The Weatherman action was not merely a provocation-like the name-calling at the Chicago Democratic Convention or the Columbia sit-in-which, intentionally or not makes police react violently (and then the demonstrators react to the police).

And, finally, what happened in Chicago was not a riot, in the sense that the destruction in Watts and Newark was called a "riot." What happened in Chicago was carefully planned. The demonstrators knew before each action that they were going to destroy property and hurt people.

The Weatherman action, then. was a very serious escalation in the tactics of the anti-war movement. Essentially, it was an act of war-which is a very good term. since Weatherman leader Bernardine Dohrn is fond of saying the Weathermen are "the new Red Army fighting behind enemy lines."

If the violence of Chicago was an act of war then it has to be judged like a military encounter. If it is judged that way, the Weathermen lost. Three-quarters of them were taken prisoner and their casualties were easily double that of the other side.

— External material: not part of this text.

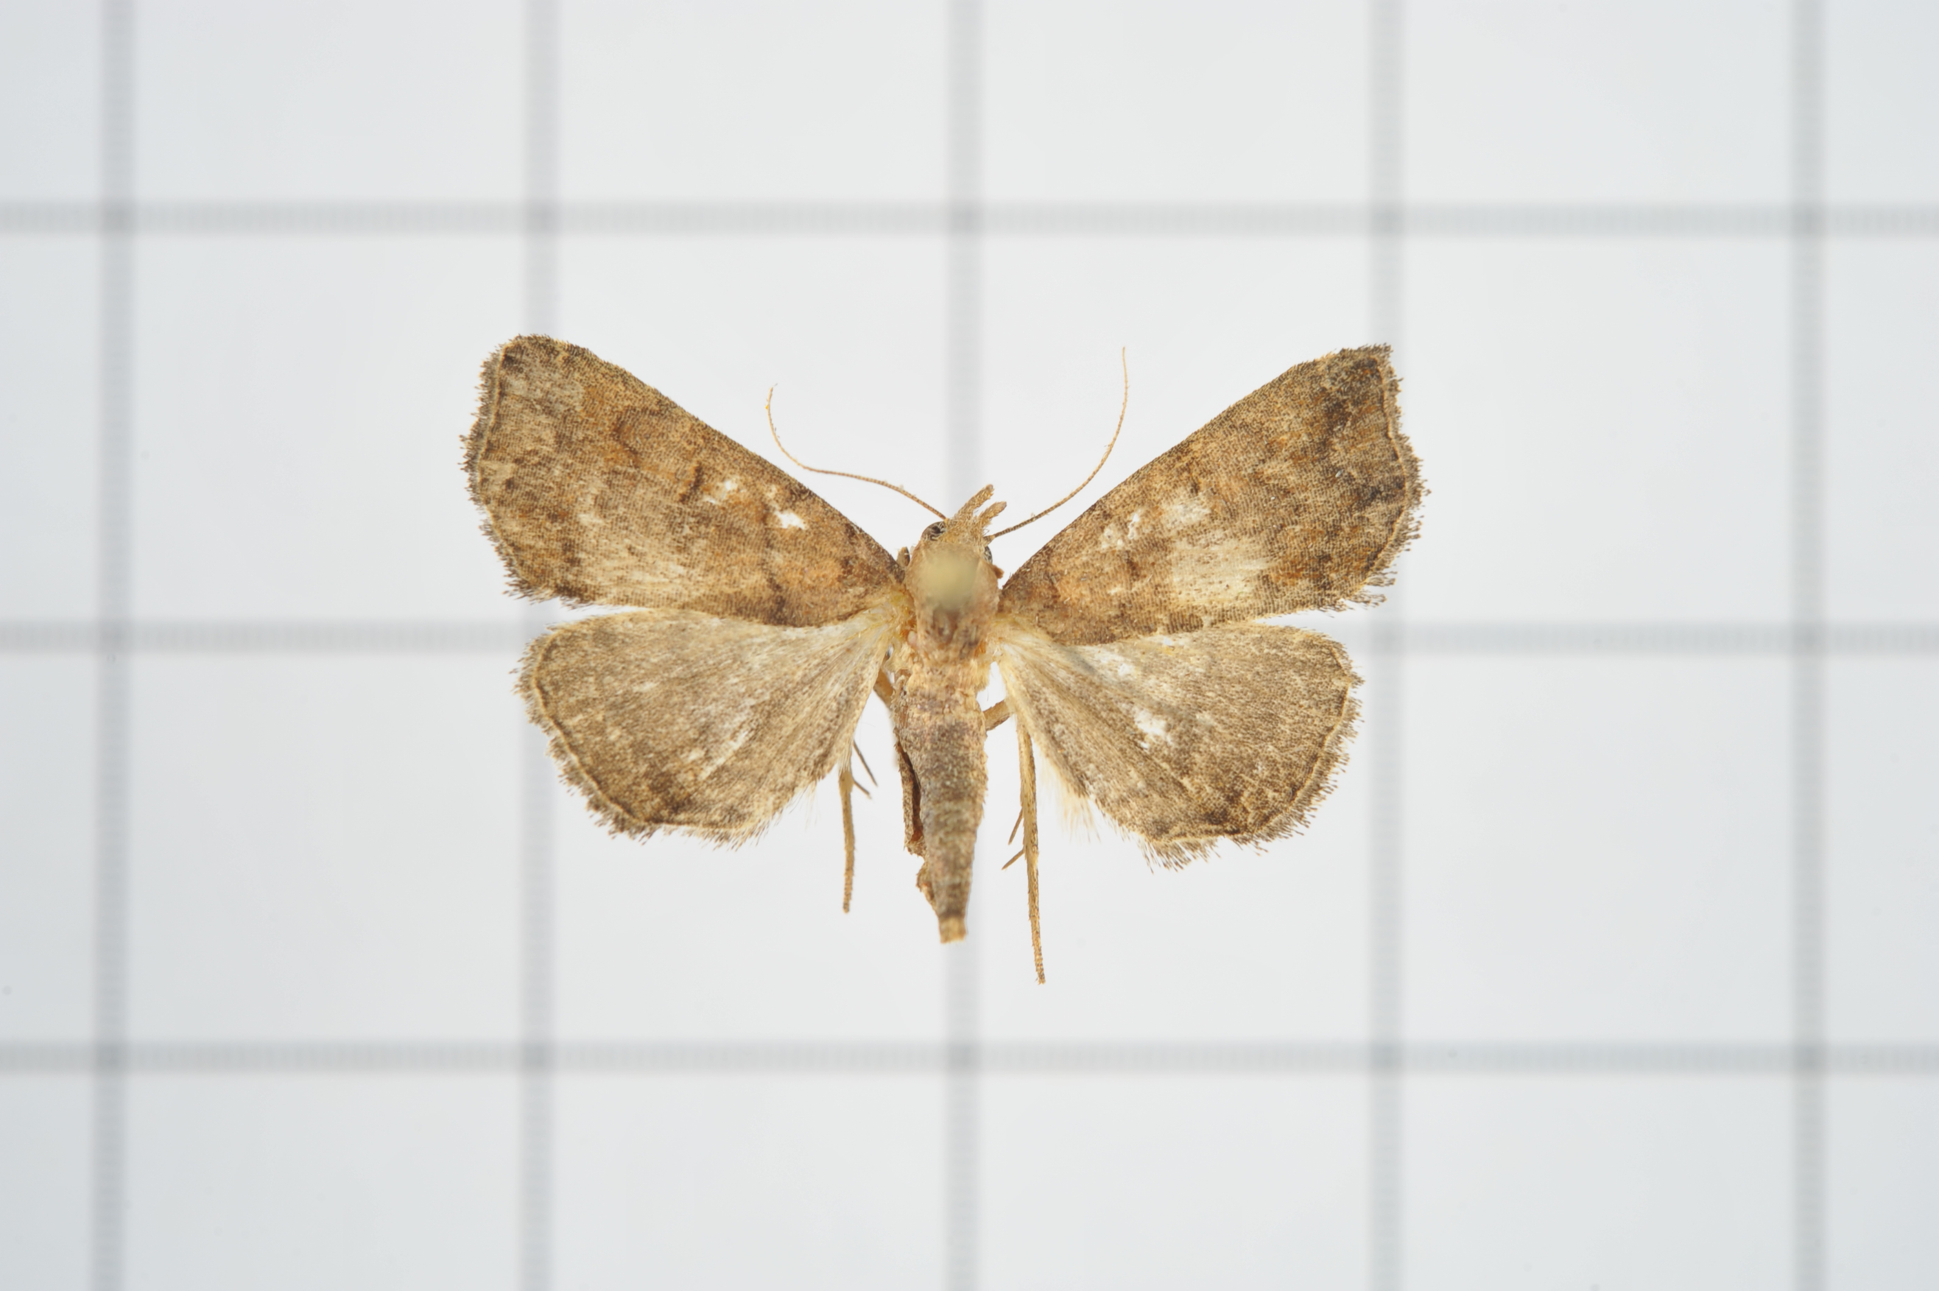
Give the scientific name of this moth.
Hipoepa fractalis
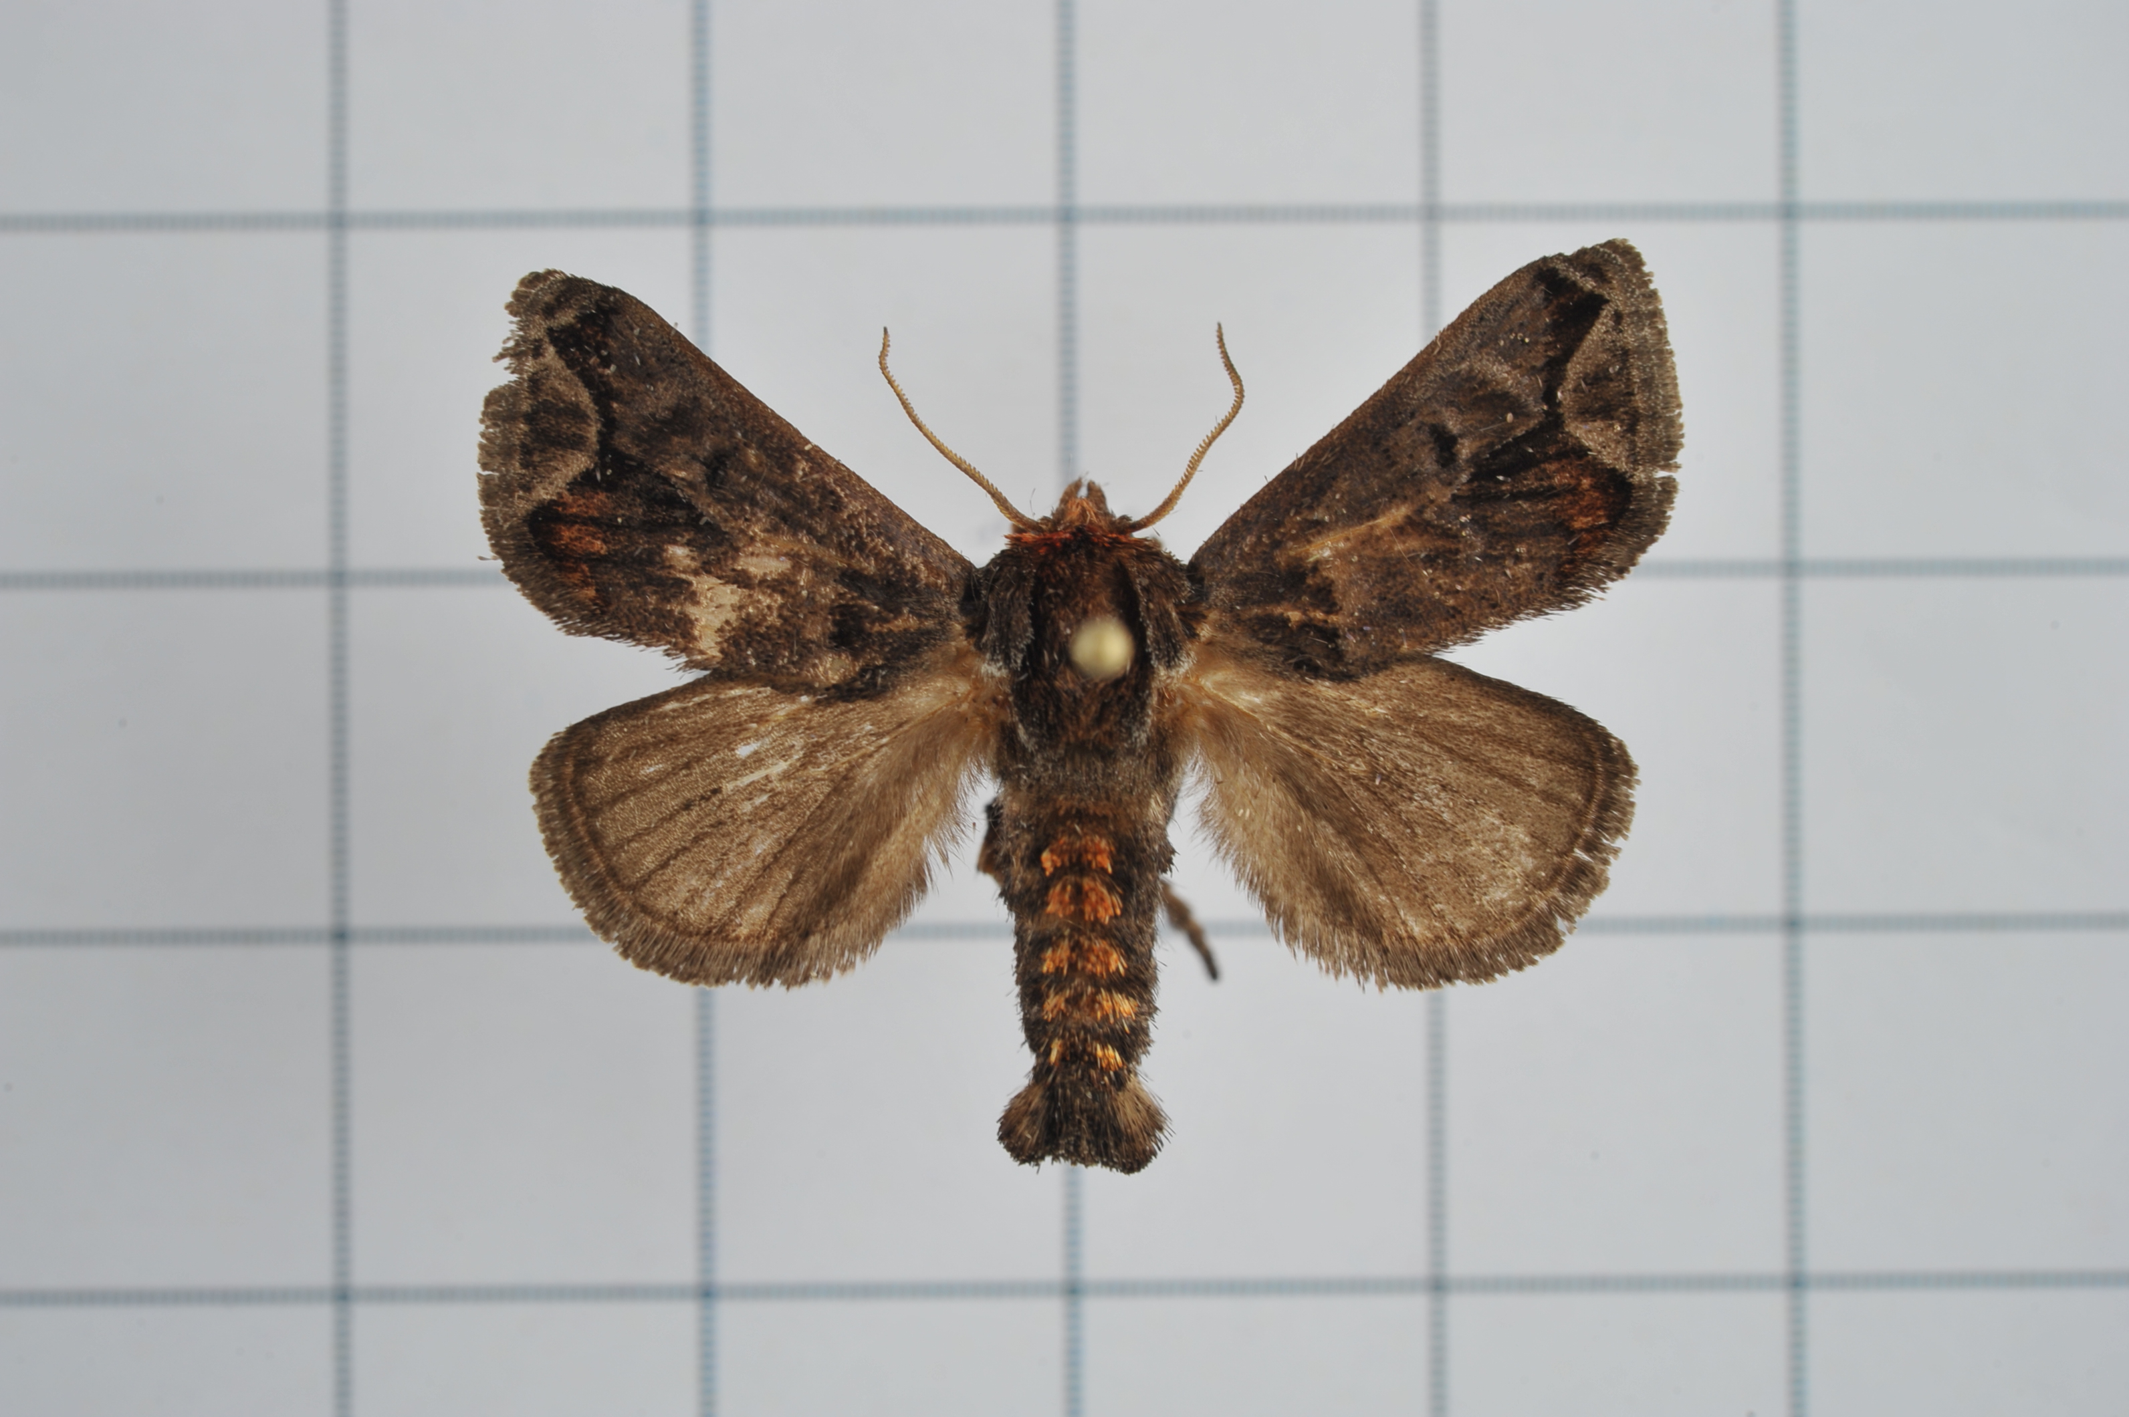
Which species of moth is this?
Phlossa conjuncta

But it was not quite an act of war, because the battles were "events," which were publicized long before they happened.

They were events for the media to cover. and the Weathermen realized they had to get big coverage to achieve their main self-proclaimed goal: to show Third World people (the non-whites in America and abroad) that white people were joining them in their fight against white imperialism. The Weathermen talked frequently about how the people of Bolivia and Panama would see pictures of white kids fighting cops and how it would inspire them.

John Jacobs. one of the leaders of the Columbia revolt and Weatherman's top ideologue, told the troops before Saturday's march: "We don't have to win here... just the fact that we are willing to fight the police is a political victory."

If destruction were the only goal, sabotage would have been more effective.

So it is not quite all-out war yet. The Weathermen are primarily conscious of the symbolic uses of violence, and then conscious of its destructive uses.